# Fish attractants pros or cons



## rusty.hook (Apr 15, 2011)

There are some good fish attractants out there such as Pro Cure and Uni Butter, Hot Sauce, which one do yall use and what are the results are do yall use something else, or do yall not use anything???
Pro Cure
Uni Butter
Hot sauce


----------



## Captain Ahab (Apr 15, 2011)

I use bioedge Herring and Menhaden


----------



## lswoody (Apr 17, 2011)

I've bought several through the years and while I won't say that they really helped i don't think they hurt either. A few years ago though I was fishing with a tube and put some shad attractant in it and on the first cast caught a 5# channel cat. Don't think I would have gotten it without the shad attractant. What i have, I been trying to use it up this year.


----------



## Captain Ahab (Apr 17, 2011)

I know for striped bass the Bioedge scents have helped - fished side by side with a buddy using the same lures and I was crushing those fish and got a fat zero - shared some of the scent and he hooked up right away

but other times it does not make any difference at all - I am using the scent and have no more fish then the guy not using it


----------



## rweathers1 (Apr 17, 2011)

I use CB's Hawg Sauce. I think that it helps fish hang on longer once they grab you bait :USA1: 

https://www.cbshawgsauce.com/


----------



## redbug (Apr 17, 2011)

Mega strike is the one I use and think it helps anything that covers the human sent is a good think


----------



## bassfishinh123 (Apr 26, 2011)

I think the best is mega strike but I want to try the new f2 by yum they seem to have a few different scents.


----------



## bcbouy (Apr 26, 2011)

pro cure is very big up here


----------



## 00 mod (Apr 26, 2011)

megastrike as well as an aresole spray garlic, and then jj's magic are all in my tacklebox

Jeff


----------



## Truckmechanic (Apr 26, 2011)

I use Carolina Lunker Sauce. I think it helps to keep them holding it for that extra second it sometimes takes to get in position for a good hook set.


----------



## waterboy (Jul 22, 2011)

If you get a chance, open the lid of some Smelly Jelly gel/paste and take a wiff. https://www.smellyjellyfishing.com/ I use the Crawfish Anise Gel as I think it has the most "stink". I haven't tried their liquids. Just put the end of your lure in the jar, cast out and start catching!


----------



## juggernoob (Jul 22, 2011)

waterboy said:


> If you get a chance, open the lid of some Smelly Jelly gel/paste and take a wiff. https://www.smellyjellyfishing.com/ I use the Crawfish Anise Gel as I think it has the most "stink". I haven't tried their liquids. Just put the end of your lure in the jar, cast out and start catching!

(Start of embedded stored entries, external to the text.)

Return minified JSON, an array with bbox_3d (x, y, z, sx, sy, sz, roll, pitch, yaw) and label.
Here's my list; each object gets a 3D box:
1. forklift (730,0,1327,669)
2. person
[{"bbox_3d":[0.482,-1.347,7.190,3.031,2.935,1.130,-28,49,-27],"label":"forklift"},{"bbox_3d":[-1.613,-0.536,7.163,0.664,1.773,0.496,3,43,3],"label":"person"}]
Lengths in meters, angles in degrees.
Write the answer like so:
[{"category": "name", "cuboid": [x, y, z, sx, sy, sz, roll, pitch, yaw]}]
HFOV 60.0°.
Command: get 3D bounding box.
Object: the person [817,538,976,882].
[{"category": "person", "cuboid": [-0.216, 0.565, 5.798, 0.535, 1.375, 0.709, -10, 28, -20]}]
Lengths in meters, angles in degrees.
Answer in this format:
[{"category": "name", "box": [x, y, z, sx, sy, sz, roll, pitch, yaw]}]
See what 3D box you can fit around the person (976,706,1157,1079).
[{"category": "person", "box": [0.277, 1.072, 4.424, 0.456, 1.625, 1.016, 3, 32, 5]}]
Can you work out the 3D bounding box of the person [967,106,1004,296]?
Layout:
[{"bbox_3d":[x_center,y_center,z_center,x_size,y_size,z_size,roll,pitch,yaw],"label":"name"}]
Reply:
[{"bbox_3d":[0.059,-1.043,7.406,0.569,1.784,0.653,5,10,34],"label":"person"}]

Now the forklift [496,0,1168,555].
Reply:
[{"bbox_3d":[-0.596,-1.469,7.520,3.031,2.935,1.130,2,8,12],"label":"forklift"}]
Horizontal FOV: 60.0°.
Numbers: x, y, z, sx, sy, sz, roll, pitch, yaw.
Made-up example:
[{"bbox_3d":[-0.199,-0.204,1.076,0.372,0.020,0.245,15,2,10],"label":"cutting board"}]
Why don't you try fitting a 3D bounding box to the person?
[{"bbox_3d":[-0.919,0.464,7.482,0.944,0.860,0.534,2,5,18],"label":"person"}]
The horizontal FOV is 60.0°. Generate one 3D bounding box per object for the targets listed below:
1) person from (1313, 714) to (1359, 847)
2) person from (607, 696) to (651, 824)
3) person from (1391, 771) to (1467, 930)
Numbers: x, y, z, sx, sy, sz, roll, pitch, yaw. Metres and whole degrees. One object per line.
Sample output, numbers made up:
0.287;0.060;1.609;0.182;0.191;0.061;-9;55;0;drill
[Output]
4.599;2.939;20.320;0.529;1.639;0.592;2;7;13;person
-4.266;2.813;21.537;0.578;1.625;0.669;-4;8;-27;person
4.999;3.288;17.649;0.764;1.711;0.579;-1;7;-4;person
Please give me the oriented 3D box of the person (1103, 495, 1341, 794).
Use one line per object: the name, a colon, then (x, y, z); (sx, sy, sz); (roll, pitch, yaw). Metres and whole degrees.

x2 - I use Smelly Jelly Bass Feast, the bass seem to hold on to the bait longer.


----------



## Razorback (Jul 23, 2011)

I've only tried baitmate from walmart. I put a few pumps in each worm bag. Can't say that it gets me more strikes, but when I've just put on a new worm, the bass do seem to hit it a little harder and hold on longer than with a plain worm.


----------